Três meses após o sequestro do príncipe caçula a maioria das pessoas já duvidava que ele voltasse com vida, ou mesmo que ainda estivesse vivo. Mas sua prima, Aiden Huldz, não fazia parte desse grupo.
A capital de Izalith levava o mesmíssimo nome do Reino e, dada as proporções de uma cidade, era tão enorme quanto. Aiden estava no centro comercial realizando seus afazeres, carregava com si uma cesta de palha de bom tamanho e um sorriso estonteante. Rodeada por milhares de pessoas e construções. Havia perfumeiros, armeiros, alquimistas, cervejeiros, mineiros, padeiros, agricultores, carpinteiros e os outros mais diversos tipos de comerciantes por ali.
O sol havia acabado de atingir o ponto mais alto do céu quando ela terminou suas compras, não as do dia, mas sim a que começara desde que seu primo fora raptado.
Enquanto as outras moças de sua idade, dezoito anos, optavam por charmosos e pomposos vestidos ela gostava das roupas ditas masculinas. Usava uma calça de algodão tingido de preto e uma camisa de linho branco. E sapatos de couro. Divertia-se com as reações das pessoas ao verem que era uma mulher, houve uma época onde aquilo a incomodava, mas a adolescência faz parte da vida de todos. Prendia seu cabelo de um Ruivo vibrante, que muito mais se assemelhava a sangue do que ao por do sol, num rabo de cavalo que ia até o meio das costas.
Como se já não bastasse a represália por ser mulher, sofrera também por não querer abaixar a cabeça, e uma ainda maior por ser filha de um imigrante. Por tratar de uma nobre, era literalmente sobrinha direta do Rei, suas decisões não ortodoxas, assim como as de seu Pai, diga-se de passagem, resultaram em uma educada exoneração de grande parte de seus direitos como alguém de sangue real. A conta foi bem simples, um nobre tem todos os direitos, um plebeu tem metade deles e os imigrantes nenhum. Somando os direitos do Pai e da Mãe e dividindo por dois, ela se tornara uma simples plebéia. Assim a maioria dos nobres, assim como a maioria das pessoas, simplesmente nem sabiam da existência dela.
Mas seu tio estava longe de ser um homem mau, e garantia uma boa renda para ela. Acontece que a realeza é um enorme jogo de xadrez, onde ter uma sobrinha imigrante podia ser visto como fraqueza, e no fim das contas ela passou a sentir-se agradecida por não ter que participar dele.
Tinha um rosto excepcionalmente feminino, com queixo e nariz finos, lábios que se destacavam pela cor viva e lindos olhos verdes. Havia uma cicatriz que começava acima de sua sobrancelha direita e acabava em sua bochecha. Um infeliz acidente de combate, que por sorte não a cegara de um dos olhos.

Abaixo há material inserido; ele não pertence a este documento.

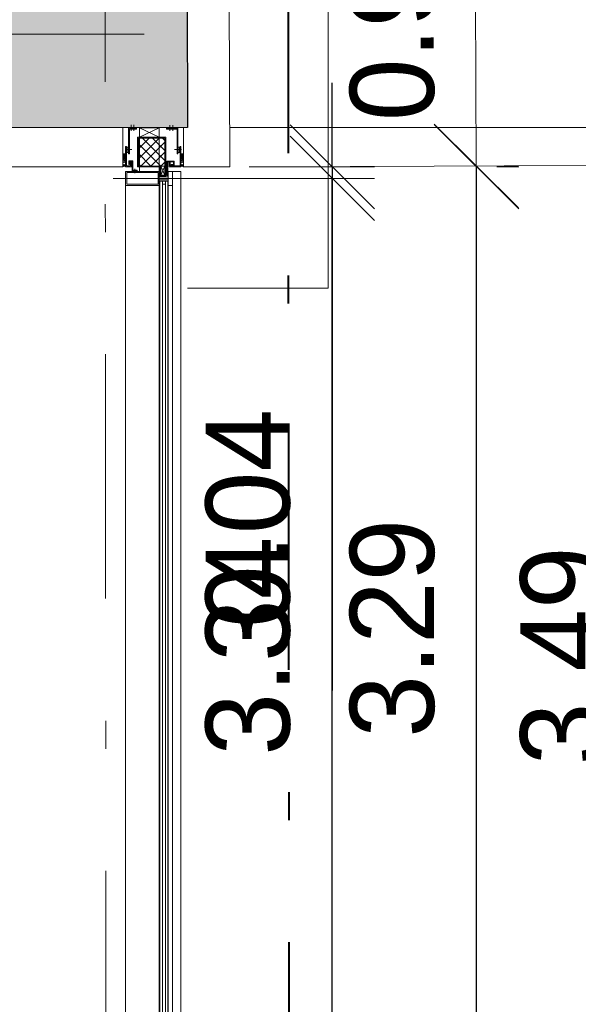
# Model space of a CAD drawing. Header units: metres. Extents: x -11.9 to 34.9, y 35 to 73.8.
# Tile 13 of 19: x 16.3 to 18.3, y 43.3 to 46.8. Entities that reach past the tile are written whole.
import ezdxf
from ezdxf.enums import TextEntityAlignment as Align

# ---------------------------------------------------------------- set-up
doc = ezdxf.new("R2010")
doc.units = ezdxf.units.M
doc.header["$MEASUREMENT"] = 0
for name, pattern in [('DGN Style 1', [0.655184, 0.00109, -0.654094]), ('DGN Style 2', [1.090157, 0.654094, -0.436063]), ('DGN Style 4', [1.745341, 0.872126, -0.436063, 0.00109, -0.436063])]:
    doc.linetypes.add(name, pattern=pattern)
doc.layers.get('0').update_dxf_attribs({"lineweight": 0})
for name, color, linetype, lineweight in [('025_best_aufmass', 1, 'Continuous', 0), ('053_aa_platz', 7, 'DGN Style 1', 0), ('103_konst_metal', 4, 'Continuous', 0), ('301_fass_konst', 7, 'Continuous', 0), ('302_fass_glas', 4, 'Continuous', 0), ('309_ fass_putz', 7, 'Continuous', 0), ('603_bemaßung 1 100', 54, 'Continuous', 0), ('901_raster_01', 7, 'DGN Style 4', 0), ('902_raster_02', 252, 'DGN Style 2', 0), ('951_schraff_01', 7, 'Continuous', 0), ('961_schnittlinie_01', 1, 'DGN Style 4', 40), ('schueco_profil_01', 7, 'Continuous', 0), ('Stützen', 7, 'Continuous', 0)]:
    doc.layers.add(name, color=color, linetype=linetype, lineweight=lineweight)
doc.styles.add('Style-Rotis SemiSans Light 45', font='Rotis SemiSans Light 45.shx')
doc.dimstyles.get("Standard").update_dxf_attribs({"dimtxt": 0.18, "dimasz": 0.18, "dimexe": 0.18, "dimexo": 0.0625, "dimgap": 0.09, "dimtad": 0, "dimtih": 1, "dimtoh": 1, "dimdec": 4, "dimzin": 0, "dimdsep": 46, "dimtxsty": 'Standard', "dimcen": 0.09, "dimadec": 0, "dimazin": 0, "dimtfac": 1, "dimtdec": 4, "dimtofl": 0, "dimtmove": 0, "dimatfit": 3, "dimfxl": 0, "dimtolj": 1, "dimtzin": 0, "dimarcsym": 0})

# ---------------------------------------------------------------- blocks, each defined once
blk = doc.blocks.new('*U28')
at = {"layer": '301_fass_konst', "color": 7, "linetype": 'Continuous', "lineweight": 13}
for p, q in [((0.0365, 0.005), (0.0685, 0.005)), ((0.0365, -0.005), (0.0685, -0.005))]:
    blk.add_line(p, q, dxfattribs=at)
at = {"layer": '301_fass_konst', "color": 7, "linetype": 'Continuous', "lineweight": 13, "flags": 128}
for points in [[(0.0365, 0.025), (-0.0835, 0.025)], [(-0.0835, 0.025), (-0.0835, -0.025)], [(-0.0795, 0.021), (-0.0795, -0.021)], [(0.0325, 0.021), (-0.0795, 0.021)], [(0.0325, -0.021), (0.0325, 0.021)], [(0.0365, -0.025), (0.0365, 0.025)], [(-0.0835, -0.025), (0.0365, -0.025)], [(-0.0795, -0.021), (0.0325, -0.021)]]:
    blk.add_lwpolyline(points, dxfattribs=at)
blk.add_lwpolyline([(0.0835, 0.025), (0.0685, 0.025), (0.0685, -0.025), (0.0835, -0.025)], close=True, dxfattribs=at)
blk = doc.blocks.new('_Oblique')
at = {"color": 0, "linetype": 'ByBlock', "lineweight": -2}
blk.add_line((0.5, 0.5), (-0.5, -0.5), dxfattribs=at)
blk = doc.blocks.new('*D44')
at = {"layer": '603_bemaßung 1 100', "color": 54, "linetype": 'Continuous', "lineweight": 0}
for p, q in [((18.3433, 46.2812), (18.701, 46.2812)), ((18.251, 42.7907), (18.701, 42.7907))]:
    blk.add_line(p, q, dxfattribs=at)
at = {"layer": '603_bemaßung 1 100', "color": 0, "linetype": 'Continuous', "lineweight": -2}
blk.add_line((18.551, 42.7907), (18.551, 46.2812), dxfattribs=at)
at = {"layer": 'Defpoints', "color": 0, "linetype": 'Continuous', "lineweight": 0}
for p in [(16.9804, 46.2812), (18.551, 46.2812), (16.8881, 42.7907)]:
    blk.add_point(p, dxfattribs=at)
at = {"layer": '603_bemaßung 1 100', "color": 0, "linetype": 'Continuous', "lineweight": -2, "xscale": 0.3, "yscale": 0.3, "zscale": 0.3}
for p, rotation in [((18.551, 46.2812), 90), ((18.551, 42.7907), 270)]:
    blk.add_blockref('_Oblique', p, dxfattribs=dict(at, rotation=rotation))
at = {"layer": '603_bemaßung 1 100', "color": 0, "linetype": 'Continuous', "lineweight": 0, "insert": (18.251, 44.5359), "char_height": 0.3, "attachment_point": 5, "rotation": 90, "style": 'Style-Rotis SemiSans Light 45'}
blk.add_mtext('3.49', dxfattribs=at)
blk = doc.blocks.new('*D45')
at = {"layer": '603_bemaßung 1 100', "color": 0, "linetype": 'Continuous', "lineweight": -2}
blk.add_line((17.9432, 42.9877), (17.9432, 46.281), dxfattribs=at)
at = {"layer": '603_bemaßung 1 100', "color": 54, "linetype": 'Continuous', "lineweight": 0}
for p, q in [((18.0147, 46.281), (18.0932, 46.281)), ((17.6432, 42.9877), (18.0932, 42.9877))]:
    blk.add_line(p, q, dxfattribs=at)
at = {"layer": 'Defpoints', "color": 0, "linetype": 'Continuous', "lineweight": 0}
for p in [(17.0626, 46.281), (17.9432, 46.281), (16.6911, 42.9877)]:
    blk.add_point(p, dxfattribs=at)
at = {"layer": '603_bemaßung 1 100', "color": 0, "linetype": 'Continuous', "lineweight": -2, "xscale": 0.3, "yscale": 0.3, "zscale": 0.3}
for p, rotation in [((17.9432, 46.281), 90), ((17.9432, 42.9877), 270)]:
    blk.add_blockref('_Oblique', p, dxfattribs=dict(at, rotation=rotation))
at = {"layer": '603_bemaßung 1 100', "color": 0, "linetype": 'Continuous', "lineweight": 0, "insert": (17.6432, 44.6343), "char_height": 0.3, "attachment_point": 5, "rotation": 90, "style": 'Style-Rotis SemiSans Light 45'}
blk.add_mtext('3.29', dxfattribs=at)
blk = doc.blocks.new('*D47')
at = {"layer": '603_bemaßung 1 100', "color": 54, "linetype": 'Continuous', "lineweight": 0}
for p, q in [((17.0997, 46.2402), (17.5784, 46.2402)), ((17.1284, 42.9002), (17.5784, 42.9002))]:
    blk.add_line(p, q, dxfattribs=at)
at = {"layer": '603_bemaßung 1 100', "color": 0, "linetype": 'Continuous', "lineweight": -2}
blk.add_line((17.4284, 42.9002), (17.4284, 46.2402), dxfattribs=at)
at = {"layer": 'Defpoints', "color": 0, "linetype": 'Continuous', "lineweight": 0}
for p in [(17.0598, 46.2402), (17.4284, 46.2402), (17.0885, 42.9002)]:
    blk.add_point(p, dxfattribs=at)
at = {"layer": '603_bemaßung 1 100', "color": 0, "linetype": 'Continuous', "lineweight": -2, "xscale": 0.3, "yscale": 0.3, "zscale": 0.3}
for p, rotation in [((17.4284, 46.2402), 90), ((17.4284, 42.9002), 270)]:
    blk.add_blockref('_Oblique', p, dxfattribs=dict(at, rotation=rotation))
at = {"layer": '603_bemaßung 1 100', "color": 0, "linetype": 'Continuous', "lineweight": 0, "insert": (17.1284, 44.5702), "char_height": 0.3, "attachment_point": 5, "rotation": 90, "style": 'Style-Rotis SemiSans Light 45'}
blk.add_mtext('3.34', dxfattribs=at)
blk = doc.blocks.new('*D48')
at = {"layer": '603_bemaßung 1 100', "color": 0, "linetype": 'Continuous', "lineweight": -2}
for p, q in [((17.4284, 46.281), (17.4284, 46.581)), ((17.4284, 46.281), (17.4284, 46.2402)), ((17.4284, 46.2402), (17.4284, 44.4116))]:
    blk.add_line(p, q, dxfattribs=at)
at = {"layer": '603_bemaßung 1 100', "color": 54, "linetype": 'Continuous', "lineweight": 0}
for p, q in [((17.1313, 46.281), (17.5784, 46.281)), ((17.1284, 46.2402), (17.5784, 46.2402))]:
    blk.add_line(p, q, dxfattribs=at)
at = {"layer": 'Defpoints', "color": 0, "linetype": 'Continuous', "lineweight": 0}
for p in [(17.0626, 46.281), (17.4284, 46.281), (17.0598, 46.2402)]:
    blk.add_point(p, dxfattribs=at)
at = {"layer": '603_bemaßung 1 100', "color": 0, "linetype": 'Continuous', "lineweight": -2, "xscale": 0.3, "yscale": 0.3, "zscale": 0.3}
for p, rotation in [((17.4284, 46.281), 270), ((17.4284, 46.2402), 90)]:
    blk.add_blockref('_Oblique', p, dxfattribs=dict(at, rotation=rotation))
at = {"layer": '603_bemaßung 1 100', "color": 0, "linetype": 'Continuous', "lineweight": 0, "insert": (17.1284, 45.0259), "char_height": 0.3, "attachment_point": 5, "rotation": 90, "style": 'Style-Rotis SemiSans Light 45'}
blk.add_mtext('0.04', dxfattribs=at)

msp = doc.modelspace()

# ---------------------------------------------------------------- hatches: boundary and pattern name
at = {"layer": '901_raster_01', "linetype": 'Continuous', "lineweight": 0}
h = msp.add_hatch(dxfattribs=at)
h.set_pattern_fill('_USER', color=256, style=0)
h.set_pattern_definition([(45, (16.816614, 46.28379), (-0.0176777, 0.0176777), []), (-45, (16.816614, 46.28379), (0.0176777, 0.0176777), [])])
h.paths.add_polyline_path([(16.8166, 46.2838), (16.8313, 46.2838), (16.8313, 46.3812), (16.8313, 46.3842), (16.7365, 46.3842), (16.7365, 46.2838)])
h = msp.add_hatch(dxfattribs=at)
h.set_pattern_fill('_USER', color=256, style=0)
h.set_pattern_definition([(315, (16.6911014, 46.301318), (0.0035355, 0.0035355), []), (225, (16.6911014, 46.301318), (0.0035355, -0.0035355), [])])
h.paths.add_polyline_path([(16.6911, 46.3013), (16.6814, 46.3013), (16.6814, 46.3282), (16.6911, 46.3282)])
h = msp.add_hatch(dxfattribs=at)
h.set_pattern_fill('_USER', color=256, style=0)
h.set_pattern_definition([(315, (16.888359, 46.301318), (0.0035355, 0.0035355), []), (225, (16.888359, 46.301318), (0.0035355, -0.0035355), [])])
h.paths.add_polyline_path([(16.8884, 46.3013), (16.8981, 46.3013), (16.8981, 46.3282), (16.8884, 46.3282)])

# ---------------------------------------------------------------- linework, layer by layer
at = {"layer": '025_best_aufmass', "lineweight": 30}
for p, q in [((16.9095, 47.1314), (16.9121, 46.4214)), ((16.9121, 46.4214), (16.2621, 46.4209))]:
    msp.add_line(p, q, dxfattribs=at)
at = {"layer": '053_aa_platz', "color": 7, "linetype": 'Continuous', "lineweight": 0}
for p, q in [((17.414, 45.8477), (17.414, 67.7435)), ((31.8657, 46.4214), (17.0657, 46.4214)), ((17.414, 45.8477), (16.9122, 45.8477))]:
    msp.add_line(p, q, dxfattribs=at)
at = {"layer": '103_konst_metal', "color": 3, "linetype": 'DGN Style 4', "lineweight": 0}
for p, q in [((16.7108, 46.4098), (16.7108, 46.4317)), ((16.7208, 46.4098), (16.7208, 46.4317)), ((16.8491, 46.4098), (16.8491, 46.43)), ((16.8591, 46.4098), (16.8591, 46.43)), ((16.7134, 46.3432), (16.6891, 46.3432)), ((16.866, 46.3432), (16.8904, 46.3432)), ((16.7237, 46.2736), (16.7237, 46.2583))]:
    msp.add_line(p, q, dxfattribs=at)
at = {"layer": '103_konst_metal', "color": 3, "linetype": 'Continuous', "lineweight": 0}
for p, q in [((16.7018, 46.4188), (16.7018, 46.3281)), ((16.73, 46.4188), (16.7018, 46.4188)), ((16.7048, 46.4158), (16.7048, 46.3281)), ((16.73, 46.4158), (16.7048, 46.4158)), ((16.73, 46.4158), (16.73, 46.4188)), ((16.8366, 46.4188), (16.8777, 46.4188)), ((16.8366, 46.4188), (16.8366, 46.4158)), ((16.8366, 46.4158), (16.8747, 46.4158)), ((16.8747, 46.4158), (16.8747, 46.3281)), ((16.8777, 46.4188), (16.8777, 46.3281)), ((16.6911, 46.3536), (16.6911, 46.2819)), ((16.6941, 46.3536), (16.6911, 46.3536)), ((16.6941, 46.3536), (16.6941, 46.2849)), ((16.7048, 46.3281), (16.7018, 46.3281)), ((16.8747, 46.3281), (16.8777, 46.3281)), ((16.8854, 46.3536), (16.8854, 46.2843)), ((16.8854, 46.3536), (16.8884, 46.3536)), ((16.8884, 46.3536), (16.8884, 46.2813)), ((16.702, 46.3024), (16.702, 46.2899)), ((16.7169, 46.3024), (16.702, 46.3024)), ((16.702, 46.2899), (16.705, 46.2899)), ((16.7139, 46.2994), (16.705, 46.2994)), ((16.705, 46.2994), (16.705, 46.2899)), ((16.7089, 46.2849), (16.7089, 46.2969)), ((16.7089, 46.2969), (16.7119, 46.2969)), ((16.7119, 46.2819), (16.7119, 46.2969)), ((16.7139, 46.2667), (16.7139, 46.2994)), ((16.7169, 46.2697), (16.7169, 46.3024)), ((16.8386, 46.2499), (16.8386, 46.3019)), ((16.8386, 46.3019), (16.8645, 46.3019)), ((16.8416, 46.2499), (16.8416, 46.2989)), ((16.8416, 46.2989), (16.8615, 46.2989)), ((16.8465, 46.2813), (16.8465, 46.2963)), ((16.8495, 46.2963), (16.8465, 46.2963)), ((16.8495, 46.2843), (16.8495, 46.2963)), ((16.8615, 46.2893), (16.8534, 46.2893)), ((16.8534, 46.2893), (16.8534, 46.2863)), ((16.8645, 46.2863), (16.8534, 46.2863)), ((16.8615, 46.2989), (16.8615, 46.2893)), ((16.8645, 46.3019), (16.8645, 46.2863)), ((16.6911, 46.2819), (16.7119, 46.2819)), ((16.6941, 46.2849), (16.7089, 46.2849)), ((16.7321, 46.2667), (16.7139, 46.2667)), ((16.7321, 46.2697), (16.7169, 46.2697)), ((16.7321, 46.2697), (16.7321, 46.2667)), ((16.8884, 46.2813), (16.8465, 46.2813)), ((16.8854, 46.2843), (16.8495, 46.2843)), ((16.8386, 46.2499), (16.8416, 46.2499))]:
    msp.add_line(p, q, dxfattribs=at)
at = {"layer": '103_konst_metal', "color": 3, "linetype": 'Continuous', "lineweight": 0, "flags": 128}
for points in [[(16.7007, 46.3521), (16.6957, 46.3521), (16.6957, 46.3321), (16.7007, 46.3321)], [(16.8787, 46.3521), (16.8837, 46.3521), (16.8837, 46.3321), (16.8787, 46.3321)]]:
    msp.add_lwpolyline(points, close=True, dxfattribs=at)
at = {"layer": '301_fass_konst', "color": 7, "linetype": 'Continuous', "lineweight": 0}
for p, q in [((16.6814, 46.2812), (16.6814, 46.4208)), ((16.8981, 46.2814), (16.8981, 46.4213)), ((16.8581, 46.2652), (16.8881, 46.2652)), ((16.8881, 42.7907), (16.8881, 46.2652)), ((16.6911, 42.9877), (16.6911, 46.2152)), ((16.8111, 42.8677), (16.8111, 46.2152)), ((16.8431, 42.8357), (16.8431, 46.2152)), ((16.8581, 42.8207), (16.8581, 46.2152))]:
    msp.add_line(p, q, dxfattribs=at)
at = {"layer": '301_fass_konst', "color": 7, "linetype": 'DGN Style 2', "lineweight": 0}
for p, q in [((16.7411, 46.2652), (16.7411, 46.4211)), ((16.8111, 46.2652), (16.8111, 46.4211))]:
    msp.add_line(p, q, dxfattribs=at)
at = {"layer": '302_fass_glas', "color": 4, "linetype": 'Continuous', "lineweight": 0}
for p, q in [((16.8131, 42.9141), (16.8131, 46.23)), ((16.8411, 46.23), (16.8131, 46.23)), ((16.8221, 42.9141), (16.8221, 46.23)), ((16.8331, 46.22), (16.8221, 46.22)), ((16.8331, 42.9141), (16.8331, 46.23)), ((16.8411, 42.9141), (16.8411, 46.23))]:
    msp.add_line(p, q, dxfattribs=at)
at = {"layer": '309_ fass_putz', "color": 7}
for p, q in [((17.0591, 47.2319), (17.0626, 46.281)), ((16.6814, 46.2812), (16.1622, 46.2808)), ((17.0626, 46.281), (16.8981, 46.2814))]:
    msp.add_line(p, q, dxfattribs=at)
at = {"layer": '603_bemaßung 1 100', "color": 54, "linetype": 'Continuous', "lineweight": 0}
for p, q in [((17.9419, 46.2842), (17.9384, 47.2351)), ((17.7914, 46.4336), (18.0925, 46.1347)), ((18.0416, 46.2845), (18.6416, 46.2867)), ((17.4919, 46.2825), (18.0919, 46.2847)), ((17.9425, 46.1342), (17.9419, 46.2842))]:
    msp.add_line(p, q, dxfattribs=at)
at = {"layer": '901_raster_01'}
for p, q in [((16.6024, 67.7435), (16.6245, 38.4484)), ((-8.0898, 46.7365), (16.9432, 46.7554))]:
    msp.add_line(p, q, dxfattribs=at)
at = {"layer": '901_raster_01', "linetype": 'Continuous', "lineweight": 0}
for p, q in [((16.8166, 46.2518), (16.8313, 46.2838)), ((16.8166, 46.2838), (16.8313, 46.2518)), ((16.8313, 46.2838), (16.8313, 46.2518))]:
    msp.add_line(p, q, dxfattribs=at)
at = {"layer": '901_raster_01', "linetype": 'Continuous', "lineweight": 0, "flags": 128}
for points in [[(16.8166, 46.2838), (16.8313, 46.2838), (16.8313, 46.3812), (16.8313, 46.3842), (16.7365, 46.3842), (16.7365, 46.2838), (16.8166, 46.2838)], [(16.6911, 46.3013), (16.6814, 46.3013), (16.6814, 46.3282), (16.6911, 46.3282)], [(16.8884, 46.3013), (16.8981, 46.3013), (16.8981, 46.3282), (16.8884, 46.3282)]]:
    msp.add_lwpolyline(points, close=True, dxfattribs=at)
at = {"layer": '902_raster_02', "linetype": 'DGN Style 4', "lineweight": 0}
msp.add_line((17.4731, 46.2402), (16.6465, 46.2402), dxfattribs=at)
at = {"layer": '951_schraff_01', "color": 8, "linetype": 'Continuous', "extrusion": (0, 0, -1)}
msp.add_solid([(-16.2595, 47.129), (-16.2621, 46.4209), (-16.9095, 47.1314), (-16.9121, 46.4214)], dxfattribs=at)
at = {"layer": '961_schnittlinie_01'}
msp.add_line((17.2792, 37.1087), (17.2711, 47.821), dxfattribs=at)
at = {"layer": 'schueco_profil_01', "color": 7, "linetype": 'Continuous', "lineweight": 0}
for p, q in [((16.7411, 46.4211), (16.8111, 46.3872)), ((16.7411, 46.3872), (16.8111, 46.4211))]:
    msp.add_line(p, q, dxfattribs=at)
at = {"layer": 'schueco_profil_01', "color": 7, "linetype": 'Continuous', "lineweight": 0, "flags": 128}
msp.add_lwpolyline([(16.7411, 46.3872), (16.8111, 46.3872), (16.8111, 46.4211), (16.7411, 46.4211)], close=True, dxfattribs=at)
at = {"layer": 'schueco_profil_01', "color": 160, "linetype": 'Continuous', "lineweight": 13, "flags": 128}
for points in [[(16.8313, 46.3872), (16.7335, 46.3872), (16.7335, 46.2808), (16.8136, 46.2808), (16.8136, 46.2488), (16.8343, 46.2488), (16.8343, 46.3872)], [(16.8313, 46.3842), (16.7365, 46.3842), (16.7365, 46.2838), (16.8166, 46.2838), (16.8166, 46.2518), (16.8313, 46.2518), (16.8313, 46.3842)]]:
    msp.add_lwpolyline(points, close=True, dxfattribs=at)
at = {"layer": 'Stützen', "color": 2, "linetype": 'Continuous', "lineweight": 13}
for centre in [(16.6863, 46.2932), (16.8932, 46.2932)]:
    msp.add_circle(centre, 0.00484, dxfattribs=at)
for centre in [(16.688, 46.2756), (16.688, 46.2732), (16.688, 46.2714)]:
    msp.add_arc(centre, 0.0119, 74.5295, 124.0554, dxfattribs=at)
at = {"layer": 'Stützen', "color": 2, "linetype": 'Continuous', "lineweight": 13, "extrusion": (0, 0, -1)}
for centre in [(-16.8914, 46.2756), (-16.8914, 46.2732), (-16.8914, 46.2714)]:
    msp.add_arc(centre, 0.0119, 74.5295, 124.0554, dxfattribs=at)

# ---------------------------------------------------------------- block references
at = {"layer": '301_fass_konst', "color": 7, "linetype": 'Continuous', "lineweight": 13}
msp.add_blockref('*U28', (16.7746, 46.2402), dxfattribs=at)

# ---------------------------------------------------------------- texts
at = {"layer": '603_bemaßung 1 100', "color": 54, "linetype": 'Continuous', "lineweight": 0, "style": 'Style-Rotis SemiSans Light 45'}
msp.add_text('0.95', height=0.3, rotation=90.2095, dxfattribs=at).set_placement((17.6413, 46.4445), align=Align.MIDDLE_LEFT)

# ---------------------------------------------------------------- dimensions: what is measured, and where the dimension line sits
at = {"layer": '603_bemaßung 1 100', "color": 54, "linetype": 'Continuous', "lineweight": 0}
dim = msp.add_linear_dim(base=(17.4284, 46.281), p1=(17.0598, 46.2402), p2=(17.0626, 46.281), angle=90, dimstyle='Standard', override={"dimtxt": 0.3, "dimasz": 0.3, "dimexe": 0.15, "dimexo": 0.068673, "dimgap": 0.15, "dimtad": 1, "dimtih": 0, "dimtoh": 0, "dimdec": 2, "dimzin": 11, "dimtxsty": 'Style-Rotis SemiSans Light 45', "dimblk": 'Oblique', "dimclre": 54, "dimtdec": 2, "dimtofl": 1, "dimtolj": 0, "dimtzin": 11, "dimlwe": 0}, dxfattribs=at)
dim.commit()
dim.dimension.update_dxf_attribs({"geometry": '*D48', "text_midpoint": (17.4284, 45.0259), "dimtype": 160})
for base, p1, p2, override, picture, middle in [((17.9432, 46.281), (16.6911, 42.9877), (17.0626, 46.281), {"dimtxt": 0.3, "dimasz": 0.3, "dimexe": 0.15, "dimexo": 0.952086, "dimgap": 0.15, "dimtad": 1, "dimtih": 0, "dimtoh": 0, "dimdec": 2, "dimzin": 11, "dimtxsty": 'Style-Rotis SemiSans Light 45', "dimblk": 'Oblique', "dimclre": 54, "dimtdec": 2, "dimtofl": 1, "dimtolj": 0, "dimtzin": 11, "dimlwe": 0}, '*D45', (17.6432, 44.6343)), ((18.551, 46.2812), (16.8881, 42.7907), (16.9804, 46.2812), {"dimtxt": 0.3, "dimasz": 0.3, "dimexe": 0.15, "dimexo": 1.362932, "dimgap": 0.15, "dimtad": 1, "dimtih": 0, "dimtoh": 0, "dimdec": 2, "dimzin": 11, "dimtxsty": 'Style-Rotis SemiSans Light 45', "dimblk": 'Oblique', "dimclre": 54, "dimtdec": 2, "dimtofl": 1, "dimtolj": 0, "dimtzin": 11, "dimlwe": 0}, '*D44', (18.251, 44.5359)), ((17.4284, 46.2402), (17.0885, 42.9002), (17.0598, 46.2402), {"dimtxt": 0.3, "dimasz": 0.3, "dimexe": 0.15, "dimexo": 0.039918, "dimgap": 0.15, "dimtad": 1, "dimtih": 0, "dimtoh": 0, "dimdec": 2, "dimzin": 11, "dimtxsty": 'Style-Rotis SemiSans Light 45', "dimblk": 'Oblique', "dimclre": 54, "dimtdec": 2, "dimtofl": 1, "dimtolj": 0, "dimtzin": 11, "dimlwe": 0}, '*D47', (17.1284, 44.5702))]:
    dim = msp.add_linear_dim(base=base, p1=p1, p2=p2, angle=90, dimstyle='Standard', override=override, dxfattribs=at)
    dim.commit()
    dim.dimension.update_dxf_attribs({"geometry": picture, "text_midpoint": middle})

doc.saveas('drawing.dxf')

Juntando tudo que havia comprado desde que se decidira a ir atrás de seu primo ela tinha: uma corda de cânhamo, um kit médico (atadura, pomadas, álcool para ferimentos, ervas medicinais, e dois frascos de poção de vitalidade de apenas um uso cada), uma mochila sob medida para si, uma bolsa acolchoada para carregar as moedas sem fazer barulho, um pergaminho para anotação, uma pena, um frasco de tintas, um cantil de metal, um pé de cabra, uma tocha que duraria até duas horas, alguns frascos de óleo de baleia (que junto de alguns panos alongariam o tempo de vida da tocha), uma pederneira, um par de algemas de metal e um saco de dormir feito de pele de urso. Comprou também um cavalo de guerra, rédeas, uma sela militar com alforjes e uma armadura para ele, e o preço fora aumentado em cinqüenta por cento pelo seu pedido especial de sigilo, e só esses últimos itens custaram setenta por cento do que tinha guardado. Tudo fora comprado ao longo daqueles três meses de foco, determinação e planejamento.
Fizera um pedido especial ao tio, aproveitando a proximidade de seu aniversário, alegando que queria viajar e ele prometeu-a algumas moedas a mais.
E sim ela viajaria, mas não iria para as cachoeiras, lagos ou rios de Izalith. Não passaria um tempo em fazendas luxuosas ou qualquer coisa do tipo. Iria atrás do seu Primo e do suposto assassino do seu pai: O Bruxo.
O homem que a criou após a morte da sua mãe em seu parto chamava-se Heitor Huldz, e aos cinqüenta e seis anos de idade morrera protegendo seu sobrinho Magnus. Ele era o Coronel da Guarda Real dos Leões de Izalith que pessoalmente coordenava os dois pelotões, um total de mais de sessenta homens e apenas um sobrevivera apenas para espalhar a história por aí. Mesmo Aiden que estava longe de ter alma investigativa e maliciosa sentia algo errado nessas contas.
Chegou à casa um tanto exausta, havia virado a noite enfurnada em seus planejamentos e ainda assim tinha muito que fazer antes que o Sol se pusesse, e ainda mais quando a escuridão chegasse. Arrumou todo seu equipamento, buscou sua armadura e entocou-a na mochila, pegou também sua espada e seus objetos especiais de tanto valor, teve de escondê-los dentro de dois mantos negros para que seu brilho não passasse do ponto.
E saiu de casa em direção à periferia.
Até era um lugar interessante, muitas casas de madeira e crianças por toda a rua. Roupas secavam em varais improvisados, e mulheres desciam e subiam aquele morro com imensos baldes de água na cabeça. Mesmo ali elas se obrigavam a usar no máximo uma saia e uma camisa de pano, e a calça de Aiden chamava bastante atenção. Mas ninguém mexia com ela, podiam não saber quem era, mas sabiam por que estava ali, e nunca é bom atrapalhar o negócio de alguém tão querido ali quanto Marin, a Sombra Assassina.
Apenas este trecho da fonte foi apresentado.